STORED DATA section start

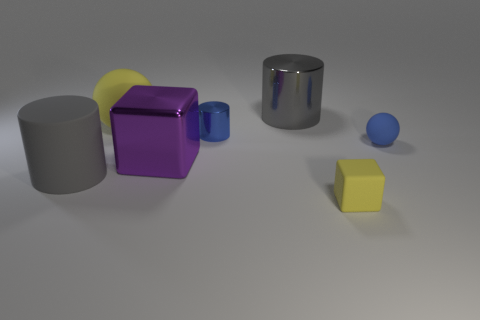How many things are either big gray things or large rubber things in front of the purple metal cube?
Keep it short and to the point. 2. How many big purple blocks are on the left side of the small matte sphere that is right of the large cylinder right of the big purple metallic block?
Your answer should be compact. 1. There is a cylinder that is the same size as the gray rubber thing; what is it made of?
Ensure brevity in your answer.  Metal. Is there a brown shiny sphere of the same size as the purple thing?
Make the answer very short. No. What is the color of the large ball?
Give a very brief answer. Yellow. What color is the big matte thing on the right side of the gray thing on the left side of the blue metal cylinder?
Provide a succinct answer. Yellow. The matte object behind the rubber ball that is to the right of the thing behind the big rubber sphere is what shape?
Give a very brief answer. Sphere. How many blue cylinders are the same material as the tiny yellow thing?
Your answer should be compact. 0. There is a big rubber object in front of the tiny matte sphere; how many yellow rubber things are in front of it?
Offer a very short reply. 1. What number of blue metallic objects are there?
Give a very brief answer. 1. 
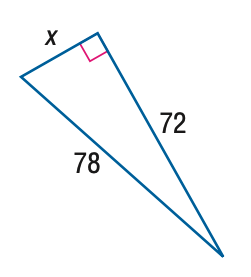Question: Use a Pythagorean Triple to find x.
Choices:
A. 26
B. 28
C. 30
D. 32
Answer with the letter. Answer: C

STORED DATA section end

**YOUR OBJECTIVE:**
Give back the entries verbatim but drop every picture.

**TASK OUTPUT:**
How many things are either big gray things or large rubber things in front of the purple metal cube?
Keep it short and to the point. 2. How many big purple blocks are on the left side of the small matte sphere that is right of the large cylinder right of the big purple metallic block?
Your answer should be compact. 1. There is a cylinder that is the same size as the gray rubber thing; what is it made of?
Ensure brevity in your answer.  Metal. Is there a brown shiny sphere of the same size as the purple thing?
Make the answer very short. No. What is the color of the large ball?
Give a very brief answer. Yellow. What color is the big matte thing on the right side of the gray thing on the left side of the blue metal cylinder?
Provide a succinct answer. Yellow. The matte object behind the rubber ball that is to the right of the thing behind the big rubber sphere is what shape?
Give a very brief answer. Sphere. How many blue cylinders are the same material as the tiny yellow thing?
Your answer should be compact. 0. There is a big rubber object in front of the tiny matte sphere; how many yellow rubber things are in front of it?
Offer a very short reply. 1. What number of blue metallic objects are there?
Give a very brief answer. 1. 
Question: Use a Pythagorean Triple to find x.
Choices:
A. 26
B. 28
C. 30
D. 32
Answer with the letter. Answer: C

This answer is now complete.